* **HOW TO COMPLETE THIS TASK**: Which lines in the material below contain the word "start"? Copy each of them.
____
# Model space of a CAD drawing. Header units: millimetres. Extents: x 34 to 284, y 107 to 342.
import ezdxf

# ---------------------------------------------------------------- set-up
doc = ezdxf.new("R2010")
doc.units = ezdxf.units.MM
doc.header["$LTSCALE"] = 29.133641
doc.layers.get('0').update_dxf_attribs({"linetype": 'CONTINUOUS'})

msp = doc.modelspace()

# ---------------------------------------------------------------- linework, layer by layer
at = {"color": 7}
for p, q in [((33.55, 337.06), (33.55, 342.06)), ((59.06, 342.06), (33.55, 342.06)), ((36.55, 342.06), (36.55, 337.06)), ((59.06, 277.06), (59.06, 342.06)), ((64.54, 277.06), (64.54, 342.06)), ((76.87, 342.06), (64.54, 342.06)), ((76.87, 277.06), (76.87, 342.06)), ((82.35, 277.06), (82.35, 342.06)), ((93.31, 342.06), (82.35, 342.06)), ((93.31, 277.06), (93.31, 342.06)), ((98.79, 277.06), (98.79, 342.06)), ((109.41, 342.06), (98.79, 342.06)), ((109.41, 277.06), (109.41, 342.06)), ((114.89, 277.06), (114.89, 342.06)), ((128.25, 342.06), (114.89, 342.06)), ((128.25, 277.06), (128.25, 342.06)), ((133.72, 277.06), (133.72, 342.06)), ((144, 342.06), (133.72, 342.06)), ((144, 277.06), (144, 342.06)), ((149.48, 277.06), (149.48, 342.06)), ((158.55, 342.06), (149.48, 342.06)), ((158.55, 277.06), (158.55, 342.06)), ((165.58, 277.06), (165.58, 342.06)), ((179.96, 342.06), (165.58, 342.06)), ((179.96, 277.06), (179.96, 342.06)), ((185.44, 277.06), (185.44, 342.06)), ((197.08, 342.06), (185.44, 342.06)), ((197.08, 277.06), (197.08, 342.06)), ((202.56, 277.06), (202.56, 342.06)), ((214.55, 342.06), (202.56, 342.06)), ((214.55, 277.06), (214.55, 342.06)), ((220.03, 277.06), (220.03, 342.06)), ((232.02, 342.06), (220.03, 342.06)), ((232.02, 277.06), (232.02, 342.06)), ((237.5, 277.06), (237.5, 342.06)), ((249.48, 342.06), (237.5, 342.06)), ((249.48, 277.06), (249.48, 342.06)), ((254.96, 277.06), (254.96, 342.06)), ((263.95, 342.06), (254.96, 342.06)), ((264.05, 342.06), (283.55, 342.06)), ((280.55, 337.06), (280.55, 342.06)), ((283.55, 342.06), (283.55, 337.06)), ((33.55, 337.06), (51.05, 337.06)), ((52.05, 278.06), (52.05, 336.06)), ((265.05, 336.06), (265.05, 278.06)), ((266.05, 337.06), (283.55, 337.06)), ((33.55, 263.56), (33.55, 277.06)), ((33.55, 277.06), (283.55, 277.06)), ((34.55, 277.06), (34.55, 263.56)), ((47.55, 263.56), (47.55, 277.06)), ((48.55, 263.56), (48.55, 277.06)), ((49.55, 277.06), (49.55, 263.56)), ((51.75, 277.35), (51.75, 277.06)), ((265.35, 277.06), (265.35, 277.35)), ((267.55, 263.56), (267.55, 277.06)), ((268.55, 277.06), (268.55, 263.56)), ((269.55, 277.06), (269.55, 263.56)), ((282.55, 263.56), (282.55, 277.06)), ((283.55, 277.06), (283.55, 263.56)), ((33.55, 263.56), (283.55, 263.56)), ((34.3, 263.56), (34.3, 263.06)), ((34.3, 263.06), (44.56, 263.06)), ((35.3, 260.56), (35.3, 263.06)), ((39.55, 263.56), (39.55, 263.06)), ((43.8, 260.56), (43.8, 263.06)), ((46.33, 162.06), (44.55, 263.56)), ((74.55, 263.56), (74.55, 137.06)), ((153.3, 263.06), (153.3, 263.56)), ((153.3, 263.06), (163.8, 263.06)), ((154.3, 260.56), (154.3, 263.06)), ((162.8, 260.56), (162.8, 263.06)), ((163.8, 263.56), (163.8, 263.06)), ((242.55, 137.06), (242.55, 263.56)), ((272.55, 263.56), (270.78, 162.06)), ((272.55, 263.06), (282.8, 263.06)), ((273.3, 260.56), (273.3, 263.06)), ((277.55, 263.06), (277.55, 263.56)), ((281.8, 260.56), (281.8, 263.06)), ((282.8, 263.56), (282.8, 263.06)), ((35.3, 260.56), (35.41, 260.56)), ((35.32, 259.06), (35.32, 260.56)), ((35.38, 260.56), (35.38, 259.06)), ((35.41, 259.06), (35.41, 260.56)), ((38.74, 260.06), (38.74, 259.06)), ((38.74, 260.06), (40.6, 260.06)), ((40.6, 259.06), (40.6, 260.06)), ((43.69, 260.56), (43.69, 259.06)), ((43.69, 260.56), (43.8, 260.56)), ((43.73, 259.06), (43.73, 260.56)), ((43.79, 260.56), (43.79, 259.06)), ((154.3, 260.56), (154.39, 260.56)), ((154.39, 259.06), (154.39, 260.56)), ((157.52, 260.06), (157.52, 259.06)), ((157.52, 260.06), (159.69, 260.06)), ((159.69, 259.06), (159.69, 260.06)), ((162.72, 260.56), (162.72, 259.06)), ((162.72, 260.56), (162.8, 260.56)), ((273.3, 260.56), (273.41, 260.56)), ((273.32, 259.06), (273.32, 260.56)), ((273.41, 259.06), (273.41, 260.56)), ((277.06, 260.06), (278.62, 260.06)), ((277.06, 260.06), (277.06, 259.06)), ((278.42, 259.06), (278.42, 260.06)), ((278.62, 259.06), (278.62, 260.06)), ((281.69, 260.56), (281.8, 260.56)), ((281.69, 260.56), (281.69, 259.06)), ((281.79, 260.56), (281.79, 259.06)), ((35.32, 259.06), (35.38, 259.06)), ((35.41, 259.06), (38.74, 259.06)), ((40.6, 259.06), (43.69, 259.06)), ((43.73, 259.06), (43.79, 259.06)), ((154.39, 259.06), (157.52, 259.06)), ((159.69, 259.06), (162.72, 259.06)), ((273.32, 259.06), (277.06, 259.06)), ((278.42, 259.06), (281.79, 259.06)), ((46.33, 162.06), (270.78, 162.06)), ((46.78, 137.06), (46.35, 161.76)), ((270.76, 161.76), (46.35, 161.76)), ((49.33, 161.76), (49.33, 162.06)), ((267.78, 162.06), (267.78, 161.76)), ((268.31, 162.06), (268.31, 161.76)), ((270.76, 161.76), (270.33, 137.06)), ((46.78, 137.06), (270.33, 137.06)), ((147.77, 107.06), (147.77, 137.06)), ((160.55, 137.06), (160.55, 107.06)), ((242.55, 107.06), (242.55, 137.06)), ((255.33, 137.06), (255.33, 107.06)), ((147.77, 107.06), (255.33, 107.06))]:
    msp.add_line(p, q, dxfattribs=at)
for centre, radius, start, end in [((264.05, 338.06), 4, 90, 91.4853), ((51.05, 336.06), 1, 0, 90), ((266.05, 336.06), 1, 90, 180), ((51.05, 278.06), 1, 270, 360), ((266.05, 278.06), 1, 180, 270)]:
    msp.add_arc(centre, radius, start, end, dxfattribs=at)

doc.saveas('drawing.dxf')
____
* **ANSWER BOX**:
for centre, radius, start, end in [((264.05, 338.06), 4, 90, 91.4853), ((51.05, 336.06), 1, 0, 90), ((266.05, 336.06), 1, 90, 180), ((51.05, 278.06), 1, 270, 360), ((266.05, 278.06), 1, 180, 270)]:
    msp.add_arc(centre, radius, start, end, dxfattribs=at)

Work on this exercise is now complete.